Pit: For internal nodes, the child nodes that are transferred to the new node after splitting need to modify their parent node to be the new node. For leaf nodes, after splitting, the next_page_id attributes of the old node and the new node need to be updated respectively. The number of key-value pairs of internal nodes must be greater than or equal to 2, and the number of key-value pairs of leaf nodes must be greater than or equal to 1, so as to ensure the correctness of key value retrieval.

delete implementation
When the number of key-value pairs in a node is greater than or equal to 1/2 of the maximum capacity, it is said to meet the fill factor. During the deletion process, only one node in a layer may not meet the filling factor, so the node that does not meet the filling factor must borrow a node from its neighbor node to satisfy it, or merge with the neighbor node.
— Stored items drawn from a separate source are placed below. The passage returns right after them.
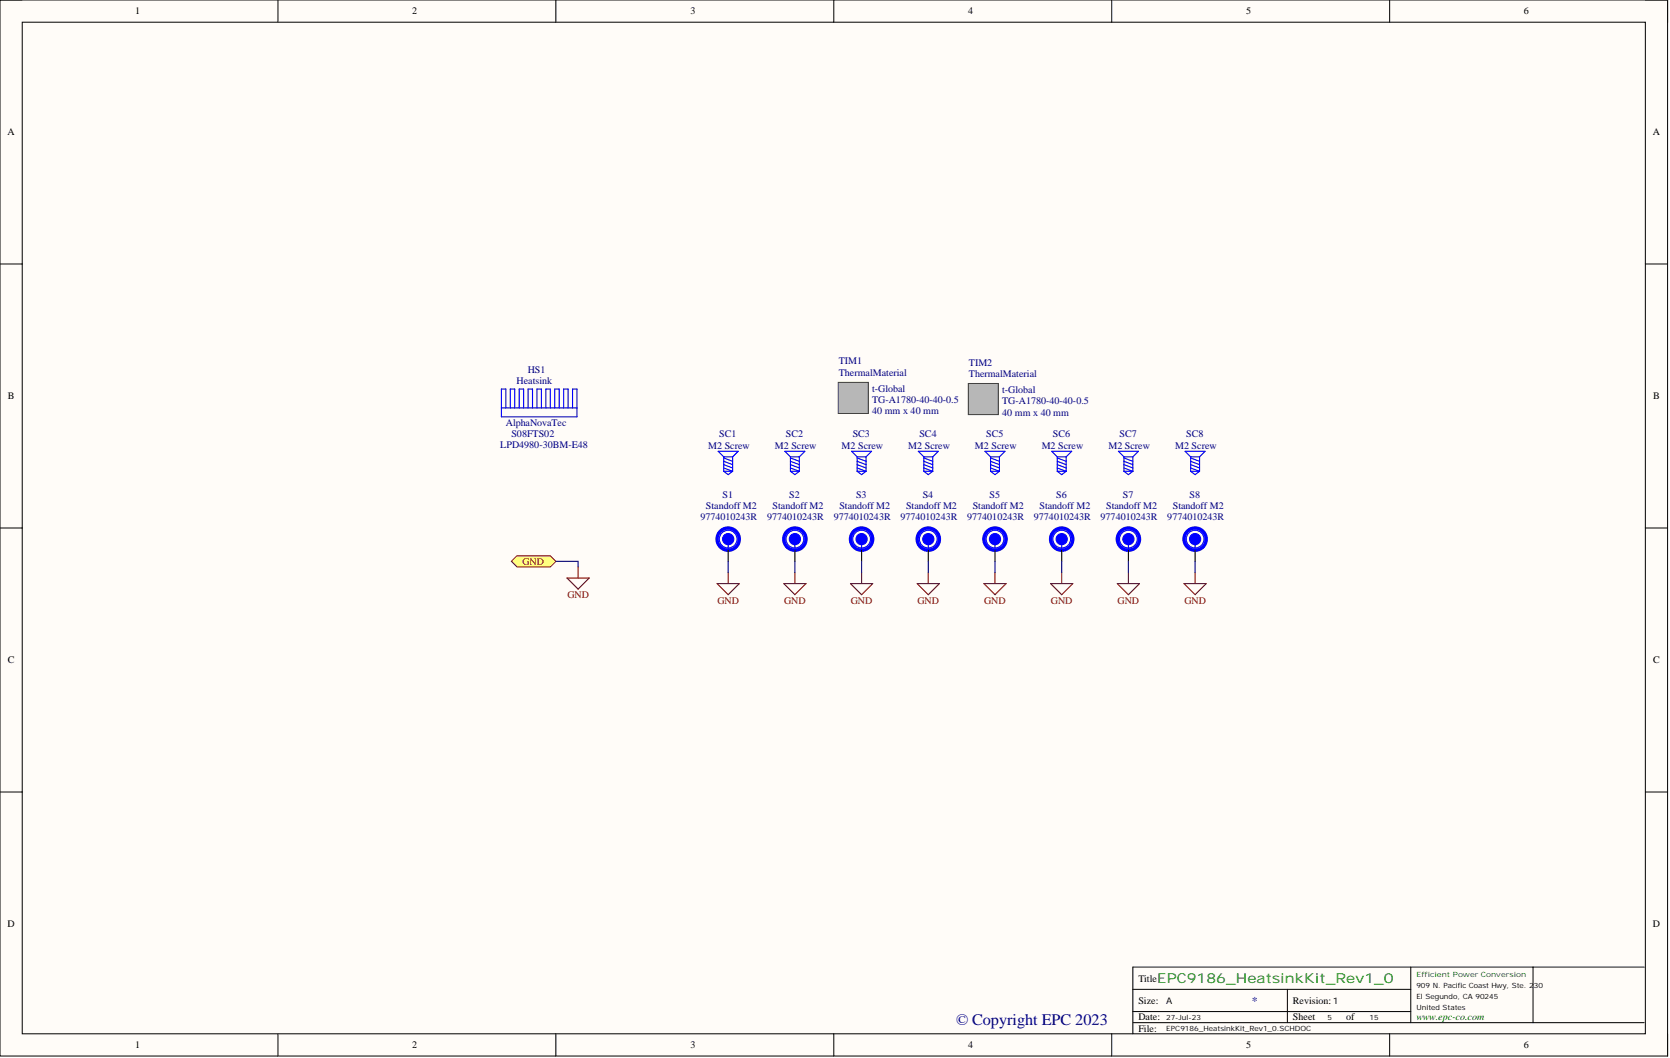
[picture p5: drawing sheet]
<svg xmlns="http://www.w3.org/2000/svg" width="381mm" height="241mm" viewBox="0 0 381 241" stroke-linecap="round" stroke-linejoin="round" font-family="sans-serif">
<defs><g id="words">
<text font-size="3.7" fill="#000080" x="218.1" y="233.7">© Copyright EPC 2023</text>
<text font-size="3.1" fill="#008000" x="264" y="224.2">EPC9186_HeatsinkKit_Rev1_0</text>
<text font-size="2.7" fill="#000080" x="285.6" y="229.1">*</text>
<g font-size="2.3">
<text x="30.9" y="3.3">1</text>
<text x="94.1" y="3.3">2</text>
<text x="157.5" y="3.3">3</text>
<text x="220.9" y="3.3">4</text>
<text x="284.3" y="3.3">5</text>
<text x="347.7" y="3.3">6</text>
<text x="1.7" y="30.9">A</text>
<text x="377.1" y="30.9">A</text>
<text x="1.8" y="91.1">B</text>
<text x="377.2" y="91.1">B</text>
<text x="1.8" y="151.3">C</text>
<text x="377.2" y="151.3">C</text>
<text x="1.7" y="211.5">D</text>
<text x="377.1" y="211.5">D</text>
<text x="259.7" y="223.9">Title</text>
<text x="259.7" y="228.9">Size:</text>
<text x="259.7" y="232.7">Date:</text>
<text x="295" y="228.9">Revision:1</text>
<text x="295" y="232.7">Sheet</text>
<text x="307.2" y="232.7">of</text>
<text x="30.9" y="239.1">1</text>
<text x="94.1" y="239.1">2</text>
<text x="157.5" y="239.1">3</text>
<text x="220.9" y="239.1">4</text>
<text x="259.7" y="235.3">File:</text>
<text x="284.3" y="239.1">5</text>
<text x="347.7" y="239.1">6</text>
</g>
<g font-size="2.3" fill="#000080">
<text x="191.4" y="83.1">TIM1</text>
<text x="221" y="83.4">TIM2</text>
<text x="117.9" y="87.6">Heatsink</text>
<text x="120.4" y="85.1">HS1</text>
<text x="191.4" y="85.6">ThermalMaterial</text>
<text x="199" y="89.4">t-Global</text>
<text x="221" y="85.9">ThermalMaterial</text>
<text x="228.7" y="89.7">t-Global</text>
<text x="199" y="94.5">40 mm x 40 mm</text>
<text x="199" y="92">TG-A1780-40-40-0.5</text>
<text x="228.7" y="94.8">40 mm x 40 mm</text>
<text x="228.7" y="92.2">TG-A1780-40-40-0.5</text>
<text x="115.4" y="97.1">AlphaNovaTec</text>
<text x="116.7" y="99.6">S08FTS02</text>
<text x="164.1" y="99.8">SC1</text>
<text x="179.3" y="99.8">SC2</text>
<text x="194.5" y="99.8">SC3</text>
<text x="209.8" y="99.8">SC4</text>
<text x="225" y="99.8">SC5</text>
<text x="240.2" y="99.8">SC6</text>
<text x="255.4" y="99.8">SC7</text>
<text x="270.6" y="99.8">SC8</text>
<text x="114.1" y="102.2">LPD4980-30BM-E48</text>
<text x="161.6" y="102.3">M2 Screw</text>
<text x="176.8" y="102.3">M2 Screw</text>
<text x="192" y="102.3">M2 Screw</text>
<text x="207.2" y="102.3">M2 Screw</text>
<text x="222.4" y="102.3">M2 Screw</text>
<text x="237.7" y="102.3">M2 Screw</text>
<text x="252.9" y="102.3">M2 Screw</text>
<text x="268.1" y="102.3">M2 Screw</text>
<text x="164.9" y="113.6">S1</text>
<text x="180.1" y="113.6">S2</text>
<text x="195.3" y="113.6">S3</text>
<text x="210.5" y="113.6">S4</text>
<text x="225.7" y="113.6">S5</text>
<text x="241" y="113.6">S6</text>
<text x="256.2" y="113.6">S7</text>
<text x="271.4" y="113.6">S8</text>
<text x="159.8" y="118.6">9774010243R</text>
<text x="161.1" y="116.1">Standoff M2</text>
<text x="175" y="118.6">9774010243R</text>
<text x="176.3" y="116.1">Standoff M2</text>
<text x="190.2" y="118.6">9774010243R</text>
<text x="191.5" y="116.1">Standoff M2</text>
<text x="205.4" y="118.6">9774010243R</text>
<text x="206.7" y="116.1">Standoff M2</text>
<text x="220.7" y="118.6">9774010243R</text>
<text x="221.9" y="116.1">Standoff M2</text>
<text x="235.9" y="118.6">9774010243R</text>
<text x="237.1" y="116.1">Standoff M2</text>
<text x="251.1" y="118.6">9774010243R</text>
<text x="252.4" y="116.1">Standoff M2</text>
<text x="266.3" y="118.6">9774010243R</text>
<text x="267.6" y="116.1">Standoff M2</text>
</g>
<g font-size="2.3" fill="#800000">
<text x="119.2" y="128.8">GND</text>
<text x="129.4" y="136.4">GND</text>
<text x="163.7" y="137.7">GND</text>
<text x="178.9" y="137.7">GND</text>
<text x="194.1" y="137.7">GND</text>
<text x="209.3" y="137.7">GND</text>
<text x="224.6" y="137.7">GND</text>
<text x="239.8" y="137.7">GND</text>
<text x="255" y="137.7">GND</text>
<text x="270.2" y="137.7">GND</text>
</g>
<text font-size="2.3" fill="#008000" x="323.1" y="232.7">www.epc-co.com</text>
<text font-size="2.1" x="266.1" y="229">A</text>
<text font-size="1.6" fill="#008000" x="323.1" y="222.8">Efficient Power Conversion</text>
<g font-size="1.6">
<text x="323.1" y="225.3">909 N. Pacific Coast Hwy, Ste. 230</text>
<text x="323.1" y="227.8">El Segundo, CA 90245</text>
<text x="266.1" y="232.7">27-Jul-23</text>
<text x="302.8" y="232.7">5</text>
<text x="312.5" y="232.7">15</text>
<text x="323.1" y="230.4">United States</text>
<text x="266.1" y="235.2">EPC9186_HeatsinkKit_Rev1_0.SCHDOC</text>
</g>
</g></defs>
<path d="M0 0h380.5v240.9h-380.5z" fill-rule="evenodd" fill="#fffcf8"/>
<path d="M0 0h380.5v240.9h-380.5z" fill="none" stroke="#000" stroke-width=".23"/>
<path d="M5.1 5.1h370.3v230.7h-370.3z" fill-rule="evenodd" fill="#fffcf8"/>
<g fill="none" stroke="#000" stroke-width=".23">
<path d="M0 0h5.1M63.4 0v5.1M126.8 0v5.1M190.2 0v5.1M253.6 0v5.1M317 0v5.1M375.4 0h5.1v5.1M5.1 5.1h370.3v230.7h-370.3zM0 60.2h5.1M375.4 60.2h5.1M0 120.4h5.1M375.4 120.4h5.1"/>
<path d="M0 180.6h5.1M375.4 180.6h5.1M63.4 235.8v5.1M126.8 235.8v5.1M190.2 235.8v5.1M253.6 235.8v5.1M258.5 225.6h63.4M258.5 233.2h116.6M258.5 230.7h63.4M293.7 225.6v7.6M317 235.8v5.1M321.9 220.6v12.6"/>
<path d="M349.8 220.6v12.6M375.1 220.6h-116.6v15.2M380.5 235.8v5.1"/>
</g>
<g fill="none" stroke="#00f" stroke-width=".25">
<path d="M166.1 123.5v2"/>
<circle cx="166.1" cy="123" r="2.03"/>
</g>
<circle cx="166.1" cy="123" r="1.27" fill="#00f"/>
<g fill="none" stroke="#00f" stroke-width=".25">
<path d="M181.3 123.5v2"/>
<circle cx="166.1" cy="123" r="1.27"/>
<circle cx="181.3" cy="123" r="2.03"/>
</g>
<circle cx="166.1" cy="123" r="2.54" fill="none" stroke="#00f" stroke-width=".76"/>
<path d="M166.1 125.5v2.5" fill="none" stroke="#000" stroke-width=".25"/>
<path d="M163.6 133.1h5.1l-2.6 2.5zM166.1 130.6v2.5" fill="none" stroke="#800000" stroke-width=".25"/>
<circle cx="181.3" cy="123" r="1.27" fill="#00f"/>
<g fill="none" stroke="#00f" stroke-width=".25">
<path d="M196.6 123.5v2"/>
<circle cx="181.3" cy="123" r="1.27"/>
<circle cx="196.6" cy="123" r="2.03"/>
</g>
<circle cx="181.3" cy="123" r="2.54" fill="none" stroke="#00f" stroke-width=".76"/>
<path d="M181.3 125.5v2.5" fill="none" stroke="#000" stroke-width=".25"/>
<circle cx="196.6" cy="123" r="1.27" fill="#00f"/>
<g fill="none" stroke="#00f" stroke-width=".25">
<path d="M211.8 123.5v2"/>
<circle cx="196.6" cy="123" r="1.27"/>
<circle cx="211.8" cy="123" r="2.03"/>
</g>
<circle cx="196.6" cy="123" r="2.54" fill="none" stroke="#00f" stroke-width=".76"/>
<path d="M196.6 125.5v2.5" fill="none" stroke="#000" stroke-width=".25"/>
<circle cx="211.8" cy="123" r="1.27" fill="#00f"/>
<g fill="none" stroke="#00f" stroke-width=".25">
<path d="M114.4 93h17.2M115.4 93v-4.3h-1v6.4h17.2v-6.4h-1v4.3M116.4 93v-4.3h1v4.3M118.4 93v-4.3h1.1v4.3M120.5 93v-4.3h1v4.3M122.5 93v-4.3h1v4.3M124.5 93v-4.3h1v4.3M126.6 93v-4.3h1v4.3M128.6 93v-4.3h1v4.3M165.1 104.2h2M165.1 104.2l-1.3-1.3h4.6l-1.3 1.3M165.1 104.2v3.3"/>
<path d="M165.1 107.5h2M165.1 107.5l1 .8 1-.8M165.1 104.5l2 .7M165.1 105.2l2 .8M165.1 106l2 .7M165.1 106.7l2 .8M167.1 104.2v3.3M180.3 104.2h2.1M180.3 104.2l-1.2-1.3h4.5l-1.2 1.3M180.3 107.5h2.1M180.3 104.2v3.3M180.3 107.5l1 .8 1.1-.8"/>
<path d="M180.3 104.5l2.1 .7M180.3 105.2l2.1 .8M180.3 106l2.1 .7M180.3 106.7l2.1 .8M182.4 104.2v3.3M195.6 104.2h2M195.6 104.2l-1.3-1.3h4.5l-1.2 1.3M195.6 107.5h2M195.6 104.2v3.3M195.6 107.5l1 .8 1-.8M195.6 104.5l2 .7M195.6 105.2l2 .8"/>
<path d="M195.6 106l2 .7M195.6 106.7l2 .8M197.6 104.2v3.3M210.8 104.2h2M210.8 104.2l-1.3-1.3h4.6l-1.3 1.3M210.8 107.5h2M210.8 104.2v3.3M210.8 107.5l1 .8 1-.8M210.8 104.5l2 .7M210.8 105.2l2 .8M210.8 106l2 .7M210.8 106.7l2 .8"/>
<path d="M212.8 104.2v3.3"/>
<circle cx="211.8" cy="123" r="1.27"/>
</g>
<circle cx="211.8" cy="123" r="2.54" fill="none" stroke="#00f" stroke-width=".76"/>
<path d="M211.8 125.5v2.5" fill="none" stroke="#000" stroke-width=".25"/>
<path d="M178.8 133.1h5.1l-2.6 2.5zM181.3 130.6v2.5M194 133.1h5.1l-2.5 2.5zM196.6 130.6v2.5M209.2 133.1h5.1l-2.5 2.5zM211.8 130.6v2.5" fill="none" stroke="#800000" stroke-width=".25"/>
<path d="M191.2 87.2h6.9v7.1h-6.9z" fill-rule="evenodd" fill="#b7b7b7"/>
<path d="M191.2 87.2h6.9v7.1h-6.9z" fill="none" stroke="#434343" stroke-width=".23"/>
<path d="M116.7 128l1.2-1.2h7.6l1.3 1.2-1.3 1.3h-7.6z" fill-rule="evenodd" fill="#ffff80"/>
<path d="M116.7 128l1.2-1.2h7.6l1.3 1.2-1.3 1.3h-7.6z" fill="none" stroke="#800000" stroke-width=".23"/>
<path d="M129.4 131.8h5l-2.5 2.6zM131.9 129.3v2.5" fill="none" stroke="#800000" stroke-width=".25"/>
<g fill="none" stroke="#00f" stroke-width=".25">
<path d="M227 123.5v2"/>
<circle cx="227" cy="123" r="2.03"/>
</g>
<circle cx="227" cy="123" r="1.27" fill="#00f"/>
<g fill="none" stroke="#00f" stroke-width=".25">
<path d="M242.2 123.5v2"/>
<circle cx="227" cy="123" r="1.27"/>
<circle cx="242.2" cy="123" r="2.03"/>
</g>
<circle cx="227" cy="123" r="2.54" fill="none" stroke="#00f" stroke-width=".76"/>
<path d="M227 125.5v2.5" fill="none" stroke="#000" stroke-width=".25"/>
<circle cx="242.2" cy="123" r="1.27" fill="#00f"/>
<g fill="none" stroke="#00f" stroke-width=".25">
<path d="M226 104.2h2M226 104.2l-1.3-1.3h4.6l-1.3 1.3M226 104.2v3.3M226 107.5h2M226 107.5l1 .8 1-.8M226 104.5l2 .7M226 105.2l2 .8M226 106l2 .7M226 106.7l2 .8M228 104.2v3.3M241.2 104.2h2M241.2 104.2l-1.3-1.3h4.6l-1.3 1.3"/>
<path d="M241.2 107.5h2M241.2 104.2v3.3M241.2 107.5l1 .8 1-.8M241.2 104.5l2 .7M241.2 105.2l2 .8M241.2 106l2 .7M241.2 106.7l2 .8M243.2 104.2v3.3M257.4 123.5v2"/>
<circle cx="242.2" cy="123" r="1.27"/>
<circle cx="257.4" cy="123" r="2.03"/>
</g>
<circle cx="242.2" cy="123" r="2.54" fill="none" stroke="#00f" stroke-width=".76"/>
<path d="M242.2 125.5v2.5" fill="none" stroke="#000" stroke-width=".25"/>
<path d="M224.5 133.1h5l-2.5 2.5zM227 130.6v2.5M239.7 133.1h5.1l-2.6 2.5zM242.2 130.6v2.5" fill="none" stroke="#800000" stroke-width=".25"/>
<circle cx="257.4" cy="123" r="1.27" fill="#00f"/>
<g fill="none" stroke="#00f" stroke-width=".25">
<path d="M272.7 123.5v2"/>
<circle cx="257.4" cy="123" r="1.27"/>
<circle cx="272.7" cy="123" r="2.03"/>
</g>
<circle cx="257.4" cy="123" r="2.54" fill="none" stroke="#00f" stroke-width=".76"/>
<path d="M257.4 125.5v2.5" fill="none" stroke="#000" stroke-width=".25"/>
<circle cx="272.7" cy="123" r="1.27" fill="#00f"/>
<g fill="none" stroke="#00f" stroke-width=".25">
<path d="M256.4 104.2h2.1M256.4 104.2l-1.2-1.3h4.5l-1.2 1.3M256.4 104.2v3.3M256.4 107.5h2.1M256.4 107.5l1 .8 1.1-.8M256.4 104.5l2.1 .7M256.4 105.2l2.1 .8M256.4 106l2.1 .7M256.4 106.7l2.1 .8M258.5 104.2v3.3M271.6 104.2h2.1M271.6 104.2l-1.2-1.3h4.5l-1.2 1.3"/>
<path d="M271.6 107.5h2.1M271.6 104.2v3.3M271.6 107.5l1.1 .8 1-.8M271.6 104.5l2.1 .7M271.6 105.2l2.1 .8M271.6 106l2.1 .7M271.6 106.7l2.1 .8M273.7 104.2v3.3"/>
<circle cx="272.7" cy="123" r="1.27"/>
</g>
<circle cx="272.7" cy="123" r="2.54" fill="none" stroke="#00f" stroke-width=".76"/>
<path d="M272.7 125.5v2.5" fill="none" stroke="#000" stroke-width=".25"/>
<path d="M254.9 133.1h5.1l-2.6 2.5zM257.4 130.6v2.5M270.1 133.1h5.1l-2.5 2.5zM272.7 130.6v2.5" fill="none" stroke="#800000" stroke-width=".25"/>
<path d="M220.9 87.5h6.9v7.1h-6.9z" fill-rule="evenodd" fill="#b7b7b7"/>
<path d="M220.9 87.5h6.9v7.1h-6.9z" fill="none" stroke="#434343" stroke-width=".23"/>
<path d="M126.8 128h5.1v1.3M166.1 128v2.6M181.3 128v2.6M196.6 128v2.6M211.8 128v2.6M227 128v2.6M242.2 128v2.6M257.4 128v2.6M272.7 128v2.6" fill="none" stroke="#000080" stroke-width=".25"/>
<use href="#words"/>
</svg>

The node without neighbor nodes must be the root node. Pit: When merging nodes, use the MoveAllTo function to move all the remaining key-value pairs of the current node to the left neighbor or the right neighbor. Unlike the MoveHalfTo used in splitting, here is not moving the key value to a new node, but inserting the left and right neighbors that already have the key value. So for the left and right neighbors, you need to consider the difference between inserting from the end and inserting from the beginning. After deleting the root node, in addition to updating the root node of the tree, you also need to update the parent node of its child nodes to INVALID_PAGE_ID. An unpin (page_id) function is used to notify buffer_pool to add the page_id page to the LRU queue. In addition to manually calling unpin, you can also use shared_ptr to automatically call unpin in the page exit scope. The method is to pass in a deleter object at the same time when initializing shared_ptr:

class Deleter {
    explicit Deleter(BufferPoolManager * buffer_pool_manager){
    void operator ()(BPlusTreePage* page) {

    BufferPoolManager *buffer_pool_manager_;

After applying for a new page from the buffer_pool, be sure to clear the data inside.